Elisa menghela napas, berusaha menjaga ketenangannya meskipun hatinya bergemuruh dengan kemarahan dan ketakutan. "Aku ingin makan sendiri dan kembalikan pakaianku," ucapnya dengan suara datar, mencoba mempertahankan sisa-sisa martabatnya.

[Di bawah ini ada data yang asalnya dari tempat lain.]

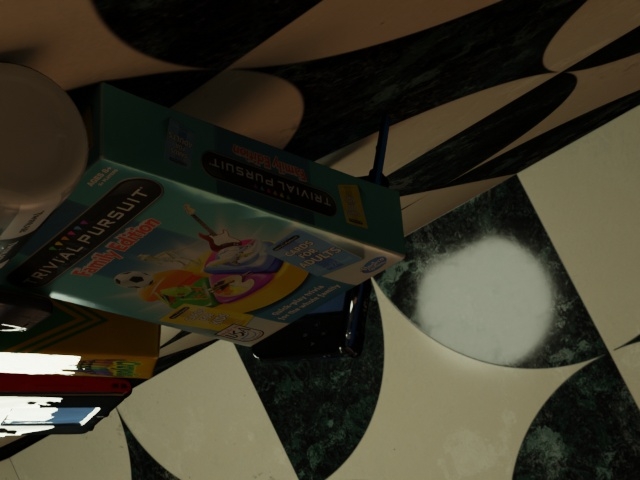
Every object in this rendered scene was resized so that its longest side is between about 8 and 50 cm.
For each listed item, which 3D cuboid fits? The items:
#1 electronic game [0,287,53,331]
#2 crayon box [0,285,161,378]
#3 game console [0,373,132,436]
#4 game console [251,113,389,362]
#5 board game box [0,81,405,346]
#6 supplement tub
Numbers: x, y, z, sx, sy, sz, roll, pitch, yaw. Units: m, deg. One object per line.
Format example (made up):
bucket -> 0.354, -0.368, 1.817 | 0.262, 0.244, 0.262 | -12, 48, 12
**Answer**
electronic game -> -0.369, 0.054, 1.172 | 0.229, 0.048, 0.229 | 5, 172, 1
crayon box -> -0.297, 0.105, 1.423 | 0.323, 0.083, 0.203 | 3, 167, -9
game console -> -0.492, 0.258, 1.913 | 0.342, 0.060, 0.386 | 7, 161, -19
game console -> 0.000, 0.000, 1.718 | 0.250, 0.293, 0.173 | -7, 146, 29
board game box -> -0.128, -0.006, 1.188 | 0.336, 0.079, 0.254 | 17, 145, -36
supplement tub -> -0.258, -0.042, 0.926 | 0.117, 0.117, 0.190 | -21, 170, -37
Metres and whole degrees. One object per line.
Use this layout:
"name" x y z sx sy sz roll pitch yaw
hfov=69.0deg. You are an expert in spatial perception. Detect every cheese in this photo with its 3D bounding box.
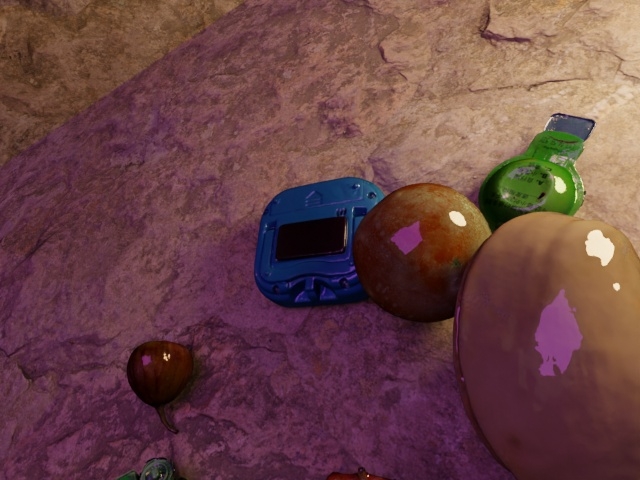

Hael hanya melemparkan selimut ke atas tubuh Elisa, menutupi tubuh Elisa dengan sehelai selimut itu.
"Aku tidak perlu mengatakannya dua kali," balas Hael dengan nada lebih dingin, memerintahkan, "Buka mulutmu."
Elisa menatap Hael dengan penuh kebencian, matanya berbicara lebih banyak daripada kata-katanya. Tapi rasa lapar yang menggerogoti tubuhnya akhirnya membuatnya menyerah. Dia sangat membutuhkan makanan — perutnya sudah kosong sejak pagi, dan makanan terakhir yang dia konsumsi adalah sore kemarin. Perlahan, dengan berat hati, dia membuka mulutnya.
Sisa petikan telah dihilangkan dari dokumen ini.